When I had done what I could for Thor I turned back to the fight. I could see three bodies … two women and a man … sprawled not too far away. They were obviously dead or so close to it as made no difference.
“Rocky girl,” came a pain filled whisper.
I jerked my head toward the source and Uncle Bentley leaned around a headstone about twelve feet away. He held up four bloody fingers and then pointed towards another grouping of old headstones. I’m no stone cold killer but I was not going to let those people get away with shooting Thor nor whatever it was that they’d done to Uncle Bentley.
During my time with them the men had taught me a lot and my experience on the road had taught me how to implement it and take advantage of my size and strength. When Uncle Bentley acted like he was going to protect me I shook my head and something in my face stopped him and he just stared at me. I’d seen the look before, just never on his face, but I didn’t have time to worry about it.
I don’t need to write the details. Suffice it to say that three of the four never even knew what hit them. The fourth was a woman, once extremely pretty but now more haglike than anything else, and right before I got to her she jumped up and headed straight for Uncle Bentley’s hiding place. She was whacked out on something if her eyes were any indication. Her screaming, “Balance must be re-established!!” didn’t make me give her much credit for sanity either.

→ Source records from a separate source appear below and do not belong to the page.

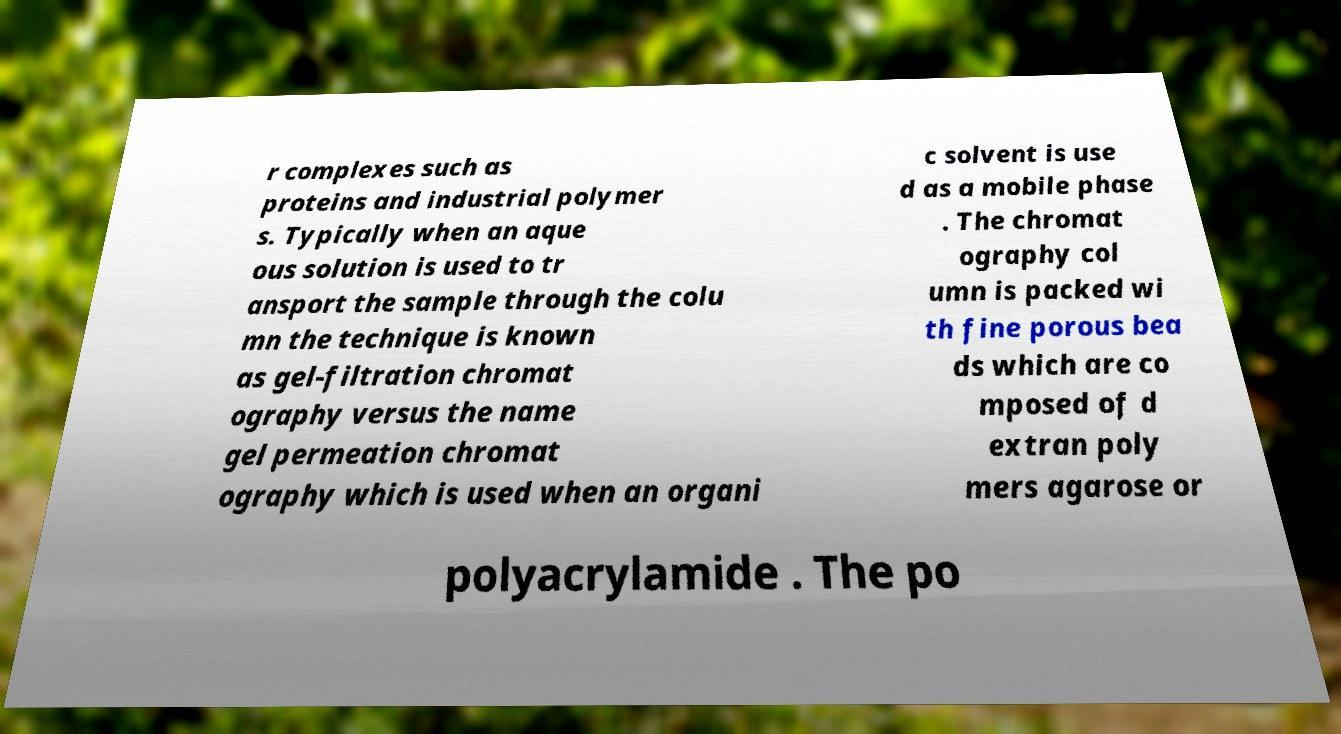Can you read and provide the text displayed in the image?This photo seems to have some interesting text. Can you extract and type it out for me? r complexes such as proteins and industrial polymer s. Typically when an aque ous solution is used to tr ansport the sample through the colu mn the technique is known as gel-filtration chromat ography versus the name gel permeation chromat ography which is used when an organi c solvent is use d as a mobile phase . The chromat ography col umn is packed wi th fine porous bea ds which are co mposed of d extran poly mers agarose or polyacrylamide . The po 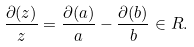Convert formula to latex. <formula><loc_0><loc_0><loc_500><loc_500>\frac { \partial ( z ) } z = \frac { \partial ( a ) } a - \frac { \partial ( b ) } b \in R .</formula> 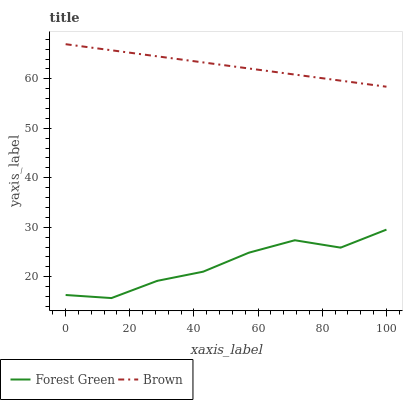Does Forest Green have the minimum area under the curve?
Answer yes or no. Yes. Does Brown have the maximum area under the curve?
Answer yes or no. Yes. Does Forest Green have the maximum area under the curve?
Answer yes or no. No. Is Brown the smoothest?
Answer yes or no. Yes. Is Forest Green the roughest?
Answer yes or no. Yes. Is Forest Green the smoothest?
Answer yes or no. No. Does Forest Green have the lowest value?
Answer yes or no. Yes. Does Brown have the highest value?
Answer yes or no. Yes. Does Forest Green have the highest value?
Answer yes or no. No. Is Forest Green less than Brown?
Answer yes or no. Yes. Is Brown greater than Forest Green?
Answer yes or no. Yes. Does Forest Green intersect Brown?
Answer yes or no. No. 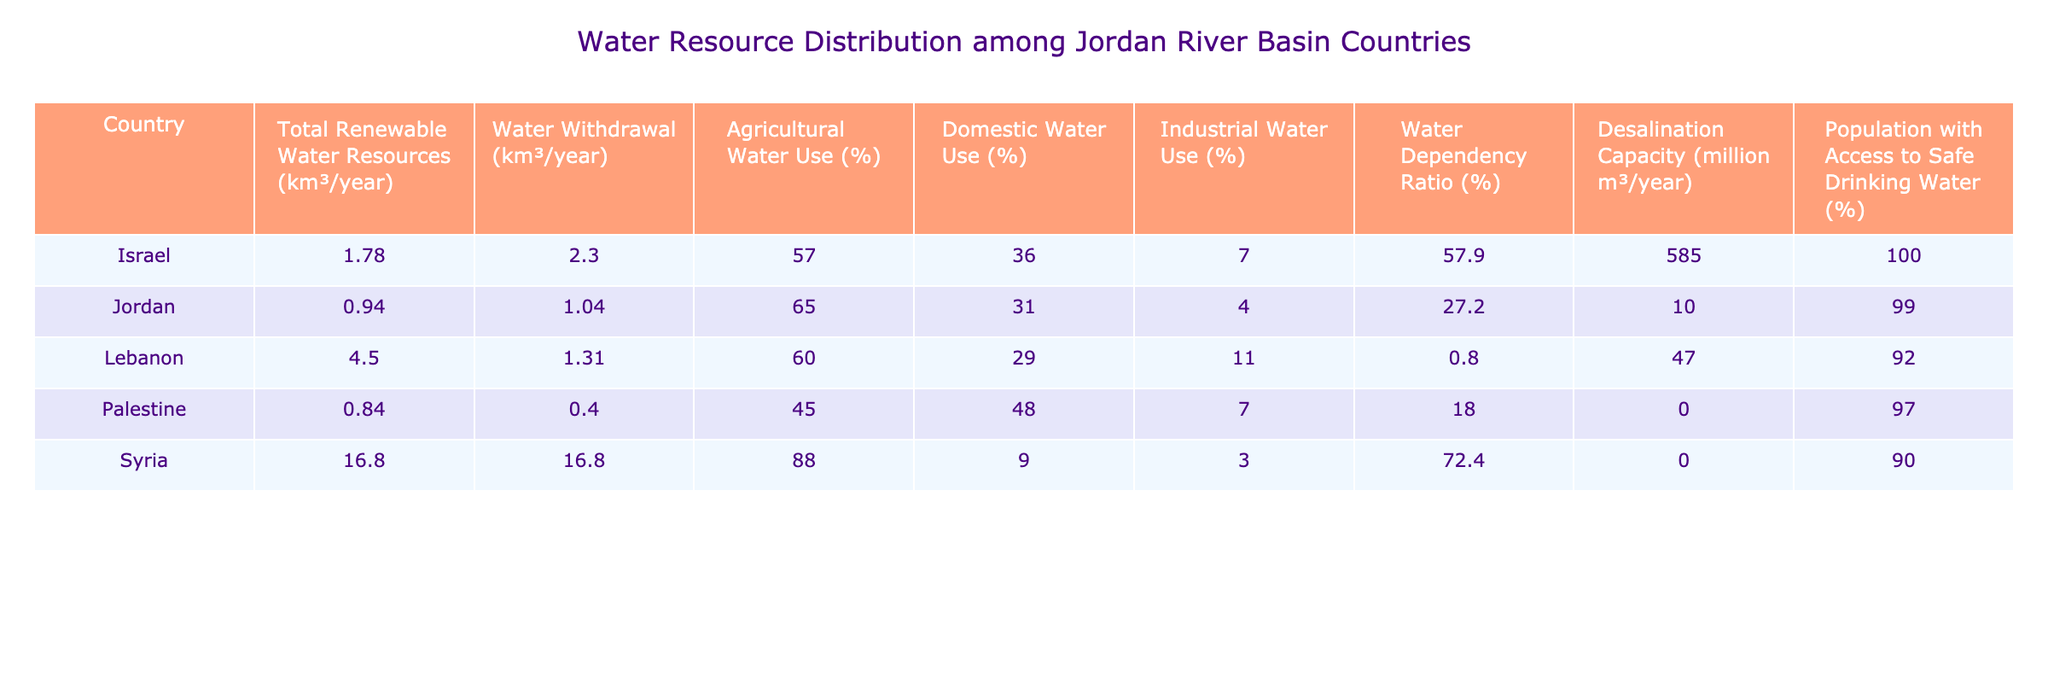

I shot her but not before she got off a good shot that took Uncle Bentley down. I stood and then quickly made sure no one was left alive from the other side and then ran over only to find Uncle Bentley and a now conscious Thor aiming their weapons at each other. I was closer to Uncle Bentley and kicked his gun out of his hand.
“No! Uncle B, that’s my husband!!”
He wasn’t long for wakefulness and said, “Your … husband?” as he fell over sideways.
I ran to Thor who had fallen back as well.
“Hon, find a hole, crawl in … stay … safe ……… love ………….” He was unconscious again but if he thought I was going to leave him – or Uncle Bentley – he must have banged his head on that concrete harder than I thought he had.